== Task details ==
Every line in the records below that holds "agent" must be identified and copied.

== The records ==

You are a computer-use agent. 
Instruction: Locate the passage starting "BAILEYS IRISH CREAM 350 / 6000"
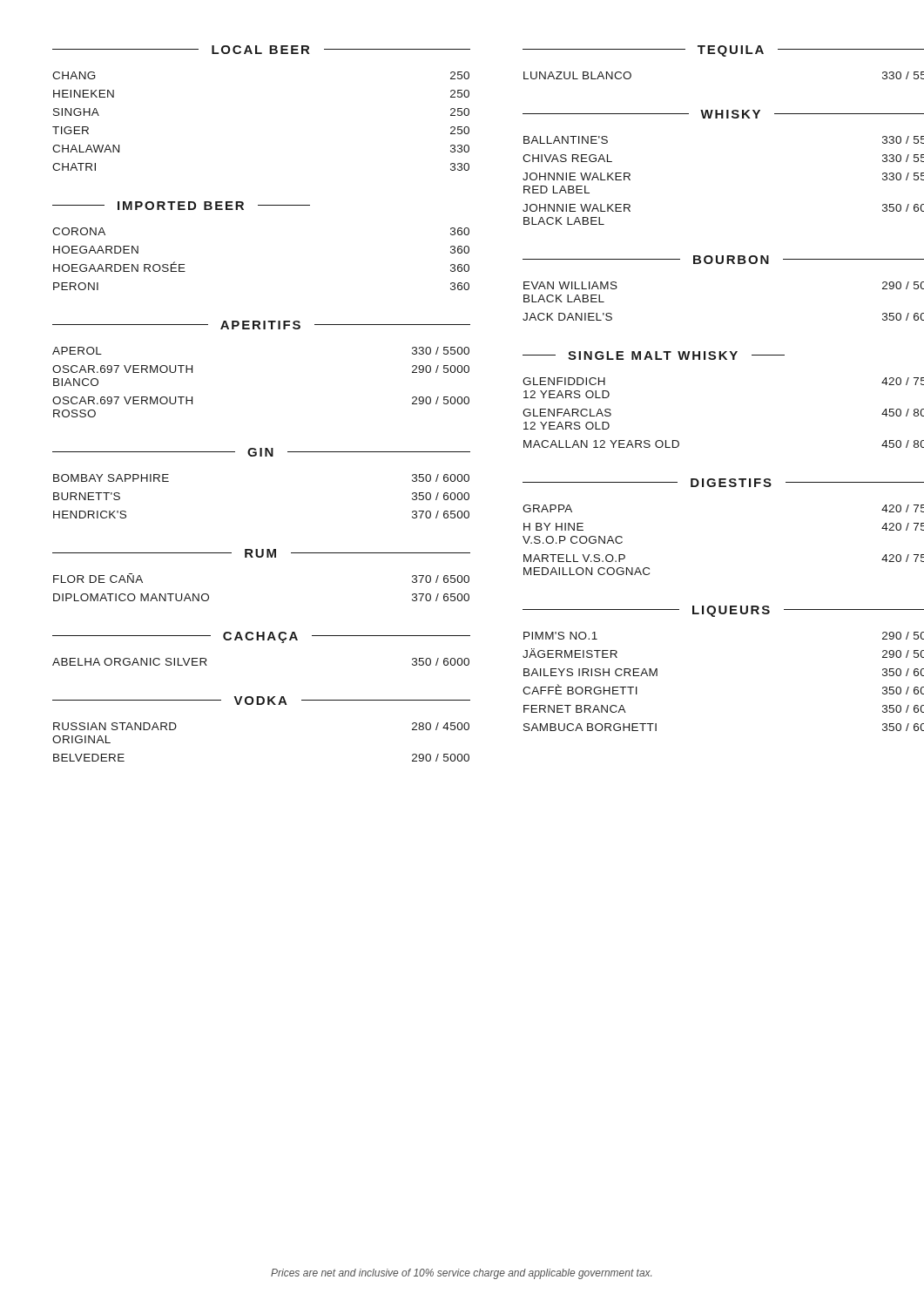[591, 672]
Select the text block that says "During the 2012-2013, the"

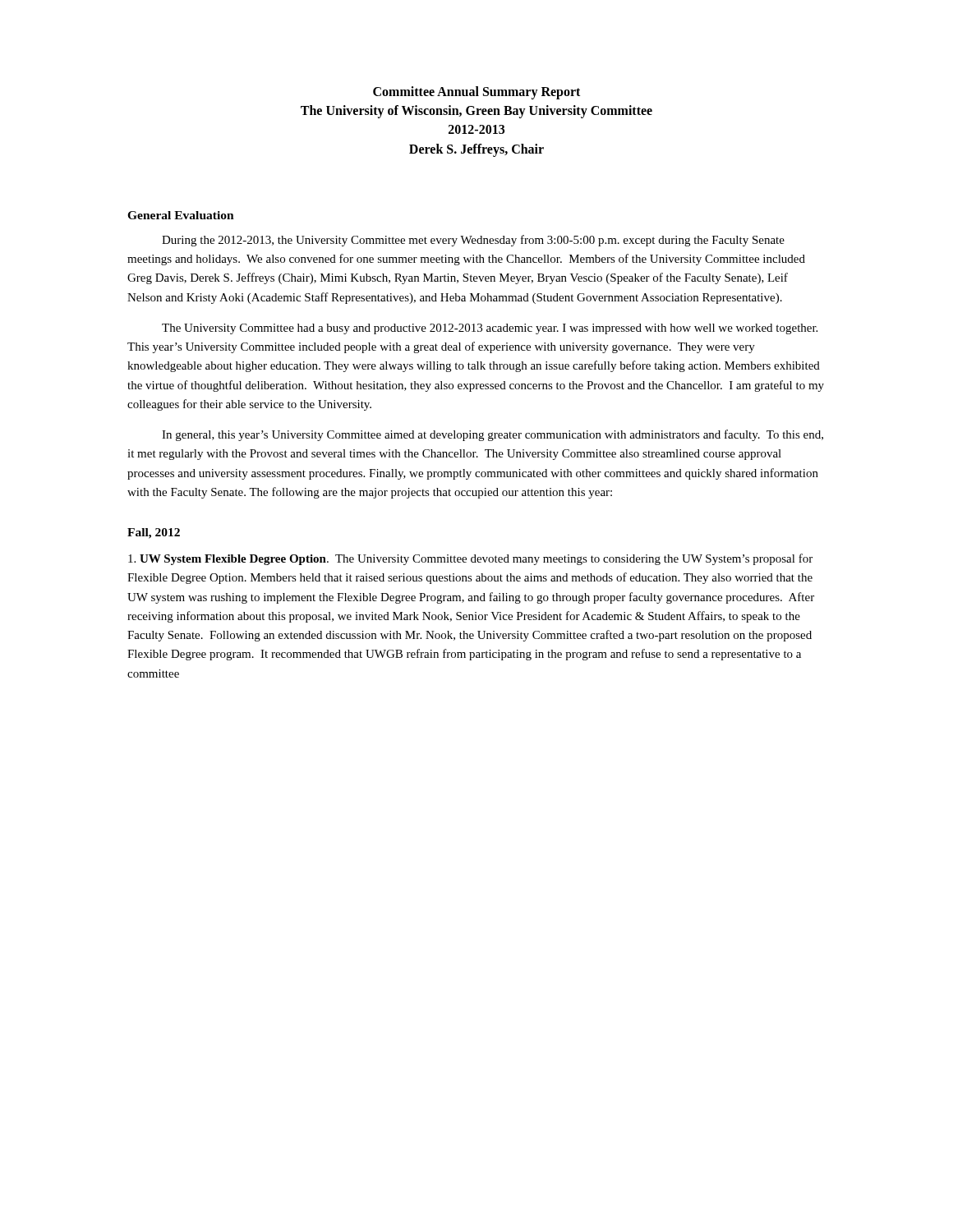pyautogui.click(x=466, y=268)
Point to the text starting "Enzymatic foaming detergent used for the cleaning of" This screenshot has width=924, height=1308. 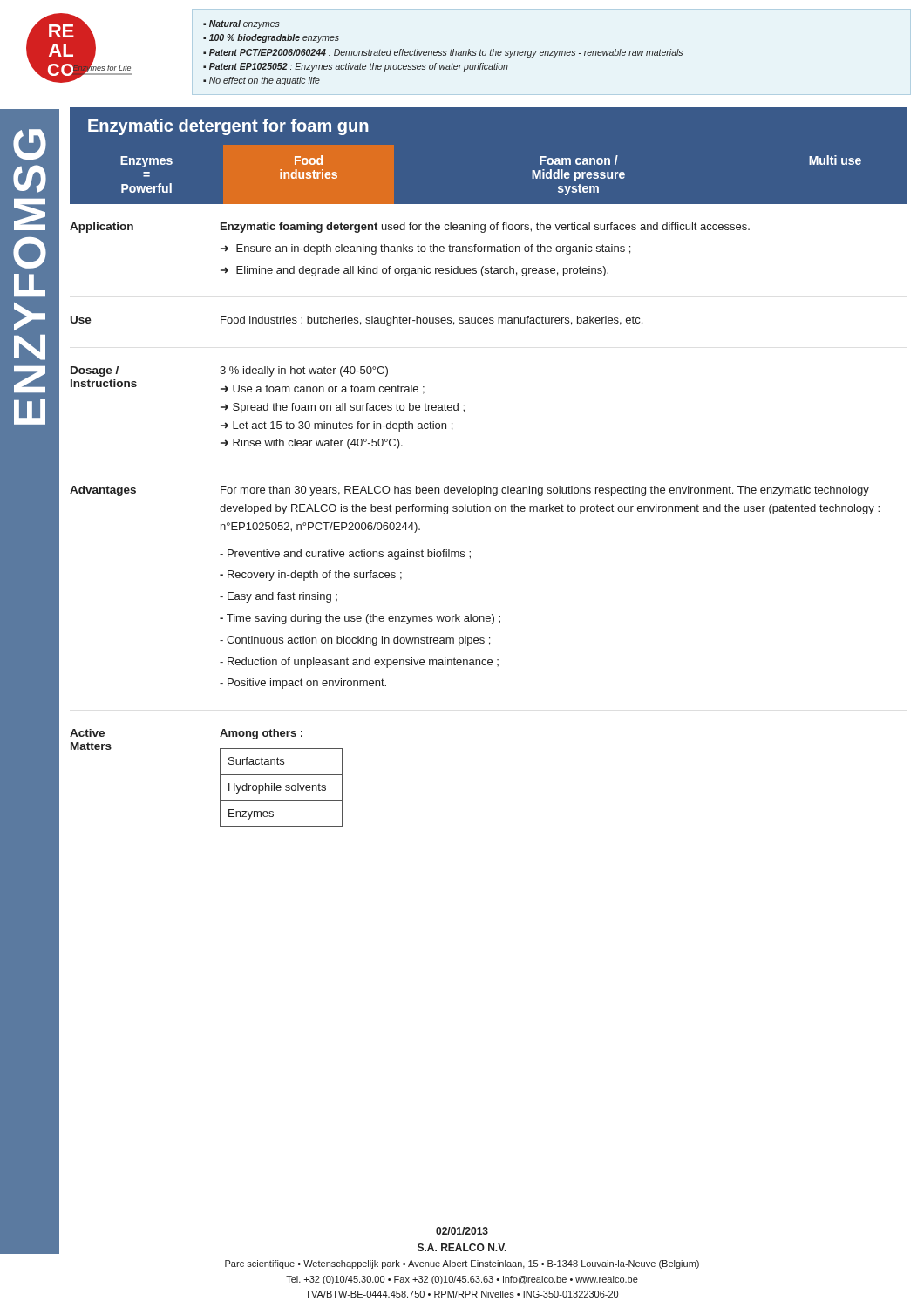pos(564,249)
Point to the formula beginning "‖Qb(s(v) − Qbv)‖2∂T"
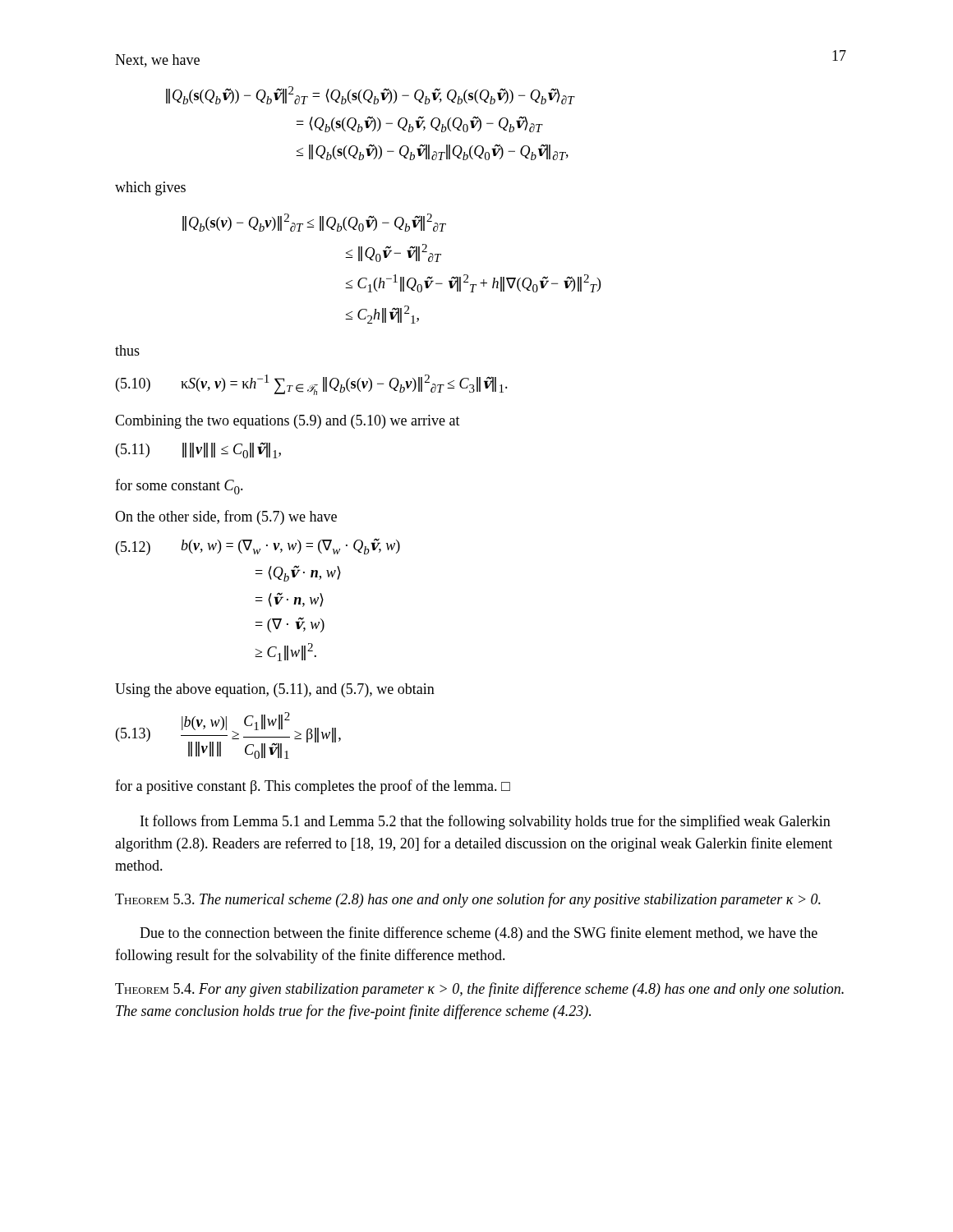This screenshot has height=1232, width=953. pos(518,269)
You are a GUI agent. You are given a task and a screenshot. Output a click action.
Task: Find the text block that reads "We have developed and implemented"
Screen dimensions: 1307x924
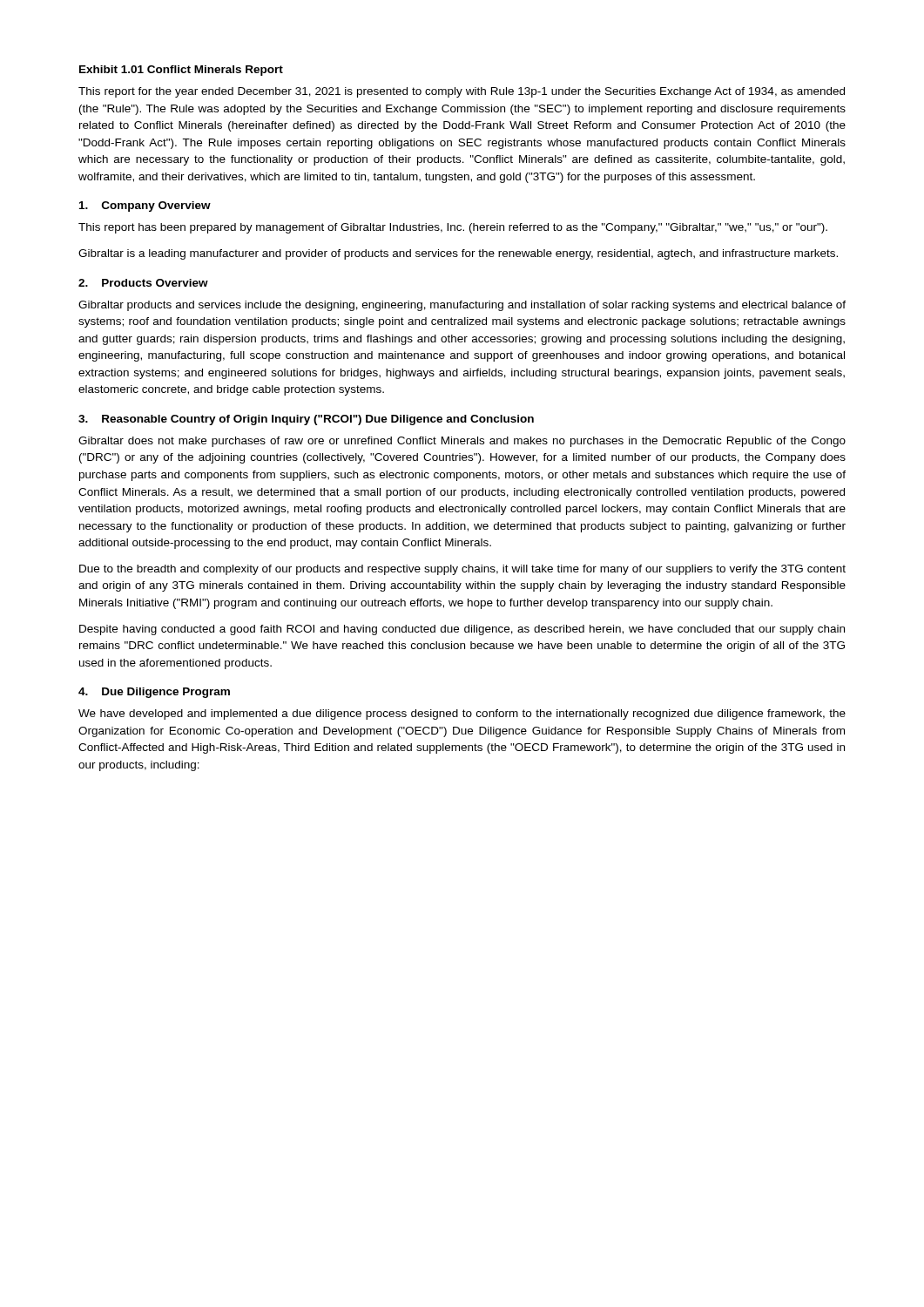[x=462, y=739]
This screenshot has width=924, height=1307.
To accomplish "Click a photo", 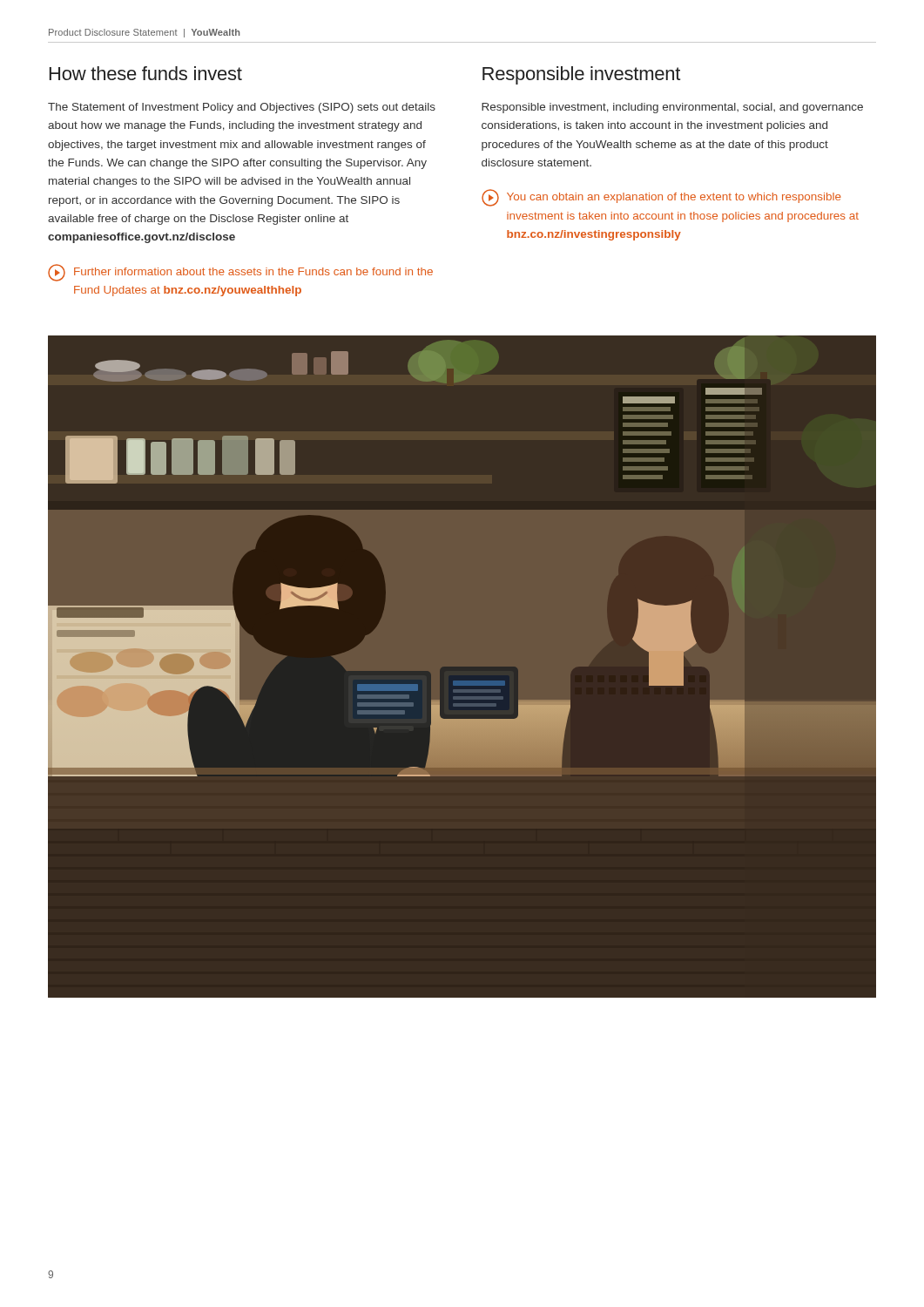I will tap(462, 667).
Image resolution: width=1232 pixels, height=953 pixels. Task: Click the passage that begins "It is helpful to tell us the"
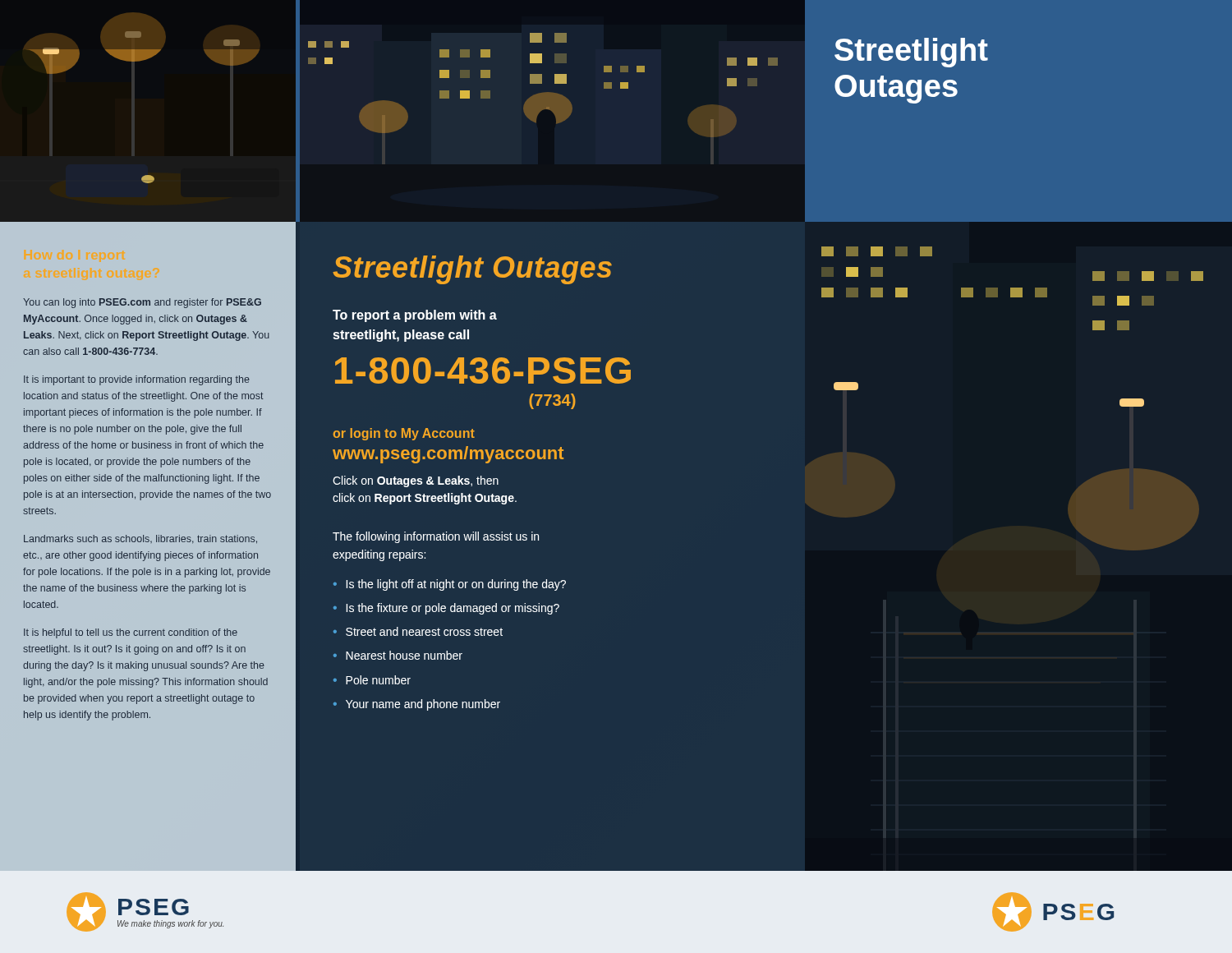148,674

== Answer ==
You are a computer-use agent. 
You are a GUI agent. You are given a task and a screenshot. Output a click action.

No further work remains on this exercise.